Step 1: Initializing the Project

We will be using a package I am developing called Apprentice.

Apprentice will take care of project initialization, local development, and basic Dialogflow API 2.0 responses.

Once we have our local environment setup, you can

pip install apprentice

Then we can run:

apprentice init

This will create:

  • main.py — Our webhook logic goes here
  • requirements.py — Requirements necessary for production

Note: If you are planning on using the gcloud cli, it is necessary to keep these filenames. The cli will look for the main.py and requirements.txt files. If not there, it can cause issues.

Apprentice uses Flask under the hood. This is due to the fact that the Cloud Function platform uses it for the Python 3.7 runtime. As a result, we will have to

export FLASK_APP=main.py

to get a local development server to run.

This server is useful because it allows rapid iteration on our webhook function.

Step 2: Running locally

Run the development server with

apprentice run
The local dev server outputs something like this

A requirement of the Dialogflow webhook is the endpoint must be https. We can use ngrok to expose localhost to the web with https.

./ngrok http 5000

Ngrok will output a UI in the terminal with the url. Note the forwarding https url, because we will need it soon.

Step 3: Dialogflow Webhook

Our local code should be running properly, so we can move toward setting up Dialogflow to respond to our vocal/text queries.

Log into Dialogflow and add an action, “Dad Jokes”.

It’s not required, but easiest if you also create the Google Project here too. You can do that via the section Google Project.

We will be directed to the main dashboard for our action. On the left side, you will see a couple tabs, navigate to Fulfillment. By default, our action is not configured for a webhook. To change that we will add the ngrok tunnel https url from earlier.

We don’t need any headers or authentication at the moment. Go to the bottom and click Save.

Step 4: Entities and Intents

Although I won’t go over them too much here, Intents and Entities are quite core to a Dialogflow action. In short, Intents are what the user is generally trying to convey. And entities are the specific data that make that intent unique or personal.

For a user can ask,

“What is the weather in Valencia, Spain?”

The Intent in this case would be, “What is the weather”. And the Entity would be “Valencia, Spain.”

Valencia, Spain is something we can query against a question that we want to answer.

Nevertheless, these are predefined by us in Dialogflow.

In the Entities tab, define an entity joke. Then you will have to define a row called joke and Save.

In the Intents section we are going to add an Intent called get-joke. Add a Training phrase with a user expression defined as tell me a joke. Finally, enable the webhook fulfillment, and click Save.

Step 5: Testing

Once all that is setup, we are ready to test it out!

On the right-hand side of the Dialogflow dashboard, we will find a “See how it works in Google Assistant”. Click on the link.

The new dashboard will have something that resembles a phone. In this space, we can directly test out all of our Intents, Entities, and webhook behaviors.

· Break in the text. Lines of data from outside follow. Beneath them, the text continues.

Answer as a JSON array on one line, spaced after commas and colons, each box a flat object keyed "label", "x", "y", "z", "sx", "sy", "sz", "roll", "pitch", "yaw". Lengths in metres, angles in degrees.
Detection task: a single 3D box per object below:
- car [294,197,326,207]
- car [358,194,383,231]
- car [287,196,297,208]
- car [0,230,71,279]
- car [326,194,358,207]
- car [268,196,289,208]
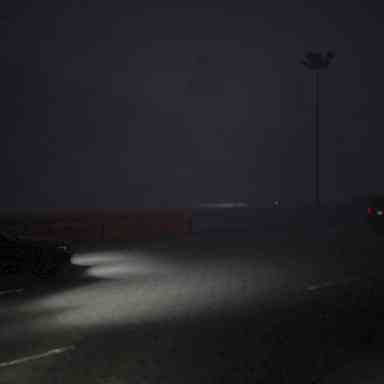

Give it a shot with invoking the action with “Talk to my test app” followed by the Intent we defined before, “tell me a joke”.

If all goes well you should see “Hello World”.

This means that everything worked perfectly. We can even prove the result by looking at the ngrok UI which will show all the http calls coming in. You should see a 200 response.

Don’t pay attention to the 500 :(

Additionally, you should see a call in the local Flask server.

Note that if something goes unexpectedly, you can debug from the stack trace found in the local Flask server. Also, if you try talking to your test app and it disconnects, that usually means that an error was raised in your webhook. Check the stack trace, fix the issue and try talking to your test app again. That’s iteration!

Conclusion

That’s it for the “Hello World” portion of this tutorial. We learned how to initialize a project with Apprentice, get a local development server running, start a Dialogflow project, and defined Intents and Entities for our action.

The next steps will be implementing the desired API call so we can return a joke to the user.